# Prayers needed



## matthewsman (Aug 10, 2009)

I am posting this at the behest of DouglasB

Many of you know DouglasB and Katie..They were frequent posters in the sports forum and religious discussions forum.Katie was the young lady that sang at W.A.R...

Sunday Katie had a rather severe stroke that required her to be lifeflighted to St Josephs.Some sort of blood clot blocked the blood flow to her brain while they were traveling to their hunting land...A stroke was the last thing they were thinking of so she "rested"to feel better and later was suffering from dizziness and double vision and later was really lethargic and unresponsive.

They are both young folks in good health otherwise and with no children,they did not carry health insurance.

They claim she has large memory loss and will require much therapy and said she would make a good recovery,stopping short of saying a full recovery.

I started typing this while speaking with Doug and was finishing up when I just received a text that they just got results back from some sort of tests and it is not good news.

He requests that you be much in prayer for her and them and that if yould be so kind as to include them in any prayer chain etc. that you may have at your churches.
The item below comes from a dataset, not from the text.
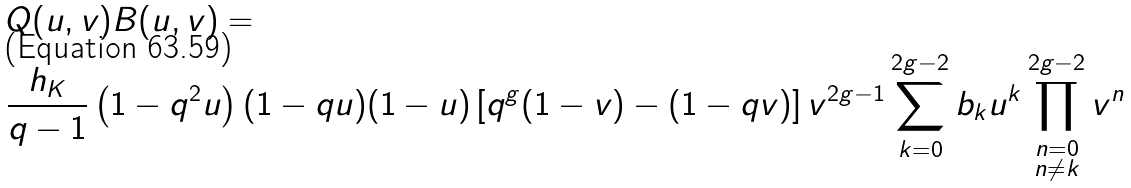<formula> <loc_0><loc_0><loc_500><loc_500>& Q ( u , v ) B ( u , v ) = \\ & \frac { h _ { K } } { q - 1 } \left ( 1 - q ^ { 2 } u \right ) ( 1 - q u ) ( 1 - u ) \left [ q ^ { g } ( 1 - v ) - ( 1 - q v ) \right ] v ^ { 2 g - 1 } \sum _ { k = 0 } ^ { 2 g - 2 } b _ { k } u ^ { k } \prod _ { \substack { n = 0 \\ n \neq k } } ^ { 2 g - 2 } v ^ { n }</formula>

They are not currently on the W.W.W. but if you will PM me I'll give you his contact info...

He would apreciate some words of encouragement.


Thanks for reading....


----------



## dawg2 (Aug 10, 2009)

Prayers sent.  Sorry to hear that.


----------



## leadoff (Aug 10, 2009)

Prayers on the way.


----------



## lagrangedave (Aug 10, 2009)

prayers sent up for this angel.


----------



## Nicodemus (Aug 10, 2009)

In our prayers.


----------



## Miguel Cervantes (Aug 10, 2009)

Very sorry to hear about this. Prayers for Katie and DouglasB are sent.


----------



## crackerdave (Aug 10, 2009)

Prayers sent - I sure am sorry to hear that.

Pm sent.


----------



## aharper (Aug 10, 2009)

prayers are sent- May the Lord touch thier lifes and cure them from the pain they are faceing now and heal them for they are gods children:Amen


----------



## sleeze (Aug 10, 2009)

Both good, kind, and very cool people.

Prayers sent.


----------



## rex upshaw (Aug 10, 2009)

prayers sent.


----------



## Hut2 (Aug 10, 2009)

Prayers sent!


----------



## Sargent (Aug 11, 2009)

praying for them


----------



## BRIAN1 (Aug 11, 2009)

Prayers sent.


----------



## Woody's Janitor (Aug 11, 2009)

Prayers are sent.


----------



## Lorri (Aug 11, 2009)

My prayers added as well.  If you could keep us posted on how Katie is doing.  Hate to hear this at any age but really hate to hear it at a young age.   If there is anything I can do please let me know.


----------



## Nugefan (Aug 11, 2009)

aharper said:


> prayers are sent- May the Lord touch thier lifes and cure them from the pain they are faceing now and heal them for they are gods children:Amen



   great post 

will be thinking about them please keep us updated ....


----------



## Jasper (Aug 11, 2009)

Sorry to hear. Prayers sent!


----------



## GeorgiaBelle (Aug 11, 2009)

That's absolutely horrible to hear!! They are both in my prayers!


----------



## SnowHunter (Aug 11, 2009)

Wow, both good folks. My prayers are added


----------



## UK bowhunter (Aug 11, 2009)

I am sending up prayers for Katie and Douglas B


----------



## secondseason (Aug 11, 2009)

Prayers for Katie and DouglasB.!!


----------



## LJay (Aug 11, 2009)

Prayers added!


----------



## Paymaster (Aug 11, 2009)

My Prayers are added as well.


----------



## rhbama3 (Aug 11, 2009)

Man, this just puts a lump in my throat. Katie is one of the nicest people i've ever met. Prayers for her and DouglasB.


----------



## DRB1313 (Aug 11, 2009)

Prayers from here as well!!


----------



## matthewsman (Aug 11, 2009)

*Updated*

Doug sent me a text a few minutes ago and said she is walking,but not talking,and trying to eat a little...he said they were seeing some amazing/promising results of prayer.

He sends his thanks.

Keep them in your thoughts and prayers.


----------



## Mackey (Aug 11, 2009)

Matt,
Please pass along to Doug that he has my prayers. 

Mackey.


----------



## bigox911 (Aug 11, 2009)

matthewsman said:


> Doug sent me a text a few minutes ago and said she is walking,but not talking,and trying to eat a little...he said they were seeing some amazing/promising results of prayer.
> 
> He sends his thanks.
> 
> Keep them in your thoughts and prayers.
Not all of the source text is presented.